Indiana University Research & Creative Activity

Food

Volume 30 Number 1
Fall 2007

<< Table of Contents



steak with skull and crossbones

David McSwane
David McSwane
Photo by Kendall Reeves; courtesy Indiana University

Poisons on our Plates?

by Elisabeth Andrews

Concerns about food safety are high in American households. From peanut butter to pet food, contamination is cropping up where we least expect it.

In fact, foodborne illness often comes without warning, says food safety researcher David McSwane. "In many instances, the biological agents such as bacteria and viruses that cause foodborne illness are odorless, tasteless, and colorless. Therefore, they don't change the outward appearance of the food," he says.

This ominous statement, coming from the man who literally wrote the book on food safety (Essentials of Food Safety and Sanitation, now in its fifth edition), belies his generally positive appraisal of our nation's food supply. McSwane, a professor in the School of Public and Environmental Affairs at Indiana University Purdue University Indianapolis, says that overall, food products pose no greater risk today than in recent years.

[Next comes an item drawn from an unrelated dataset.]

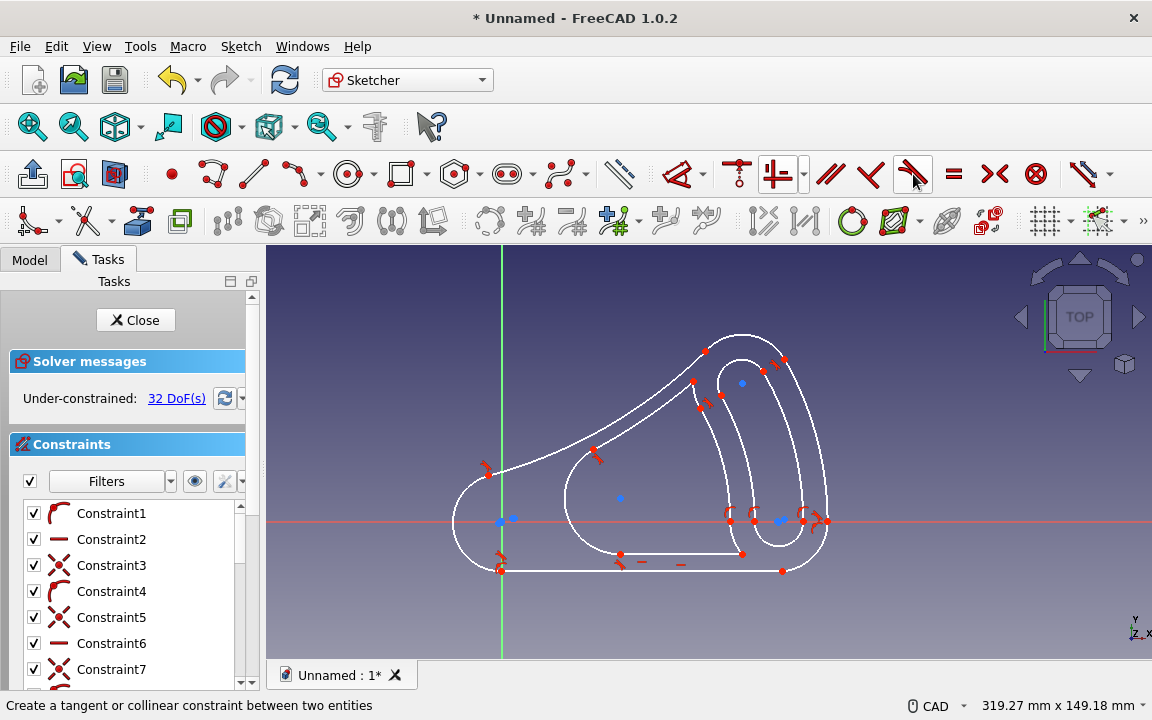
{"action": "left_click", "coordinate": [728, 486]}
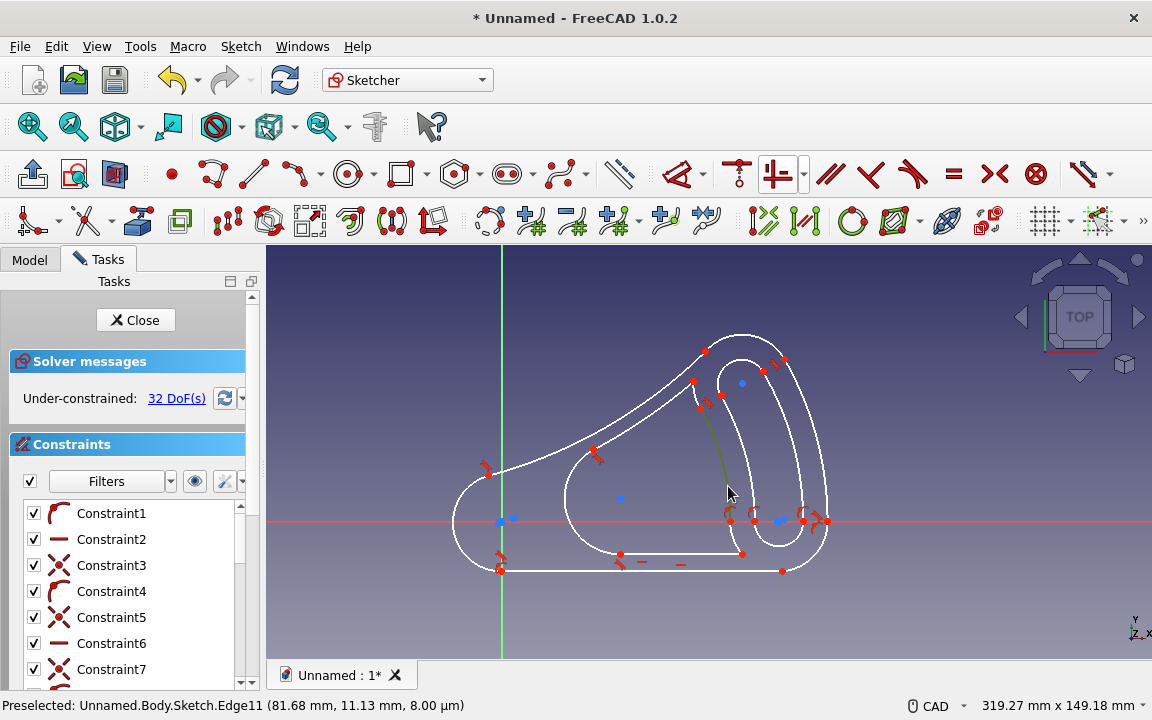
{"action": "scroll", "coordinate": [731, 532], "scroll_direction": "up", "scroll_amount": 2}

"The United States does have one of the safest food supplies in the world. It's not that every time you eat something you are taking your life in your own hands," he says.

There are a number of trends in food production and consumption, however, that warrant a more vigilant approach, according to McSwane. Fragmented oversight, a growing share of imported foods, and an aging and ailing population contribute to a potentially hazardous set of challenges for ensuring the safety of the food supply.

Too many cooks

In January 2007, the U.S. Government Accountability Office designated food safety as a "high-risk" area of federal oversight in need of broad-based transformation to achieve greater effectiveness and accountability. With responsibilities fragmented among 15 agencies collectively administering at least 30 laws, U.S. food safety oversight has become inconsistent, inefficient, and, in certain cases, secondary to conflicting interests.

The Department of Agriculture (USDA), for example, is responsible for both the safety and the marketing of meat products. Of its projected budget of $89 billion for the 2008 fiscal year, only $1.1 billion is earmarked for food safety.

In 2007, the USDA made history by attempting to block a private rancher from testing all his cattle for mad cow disease (bovine spongiform encephalopathy, which can be fatal to humans who eat tainted beef). Although other countries, including Japan, do test all their cows for this disease, the USDA claimed that the U.S. ranchers' tests would put undue pressure on larger producers to increase testing--and that such a large-scale effort would be bound to turn up false positives, potentially hurting the industry.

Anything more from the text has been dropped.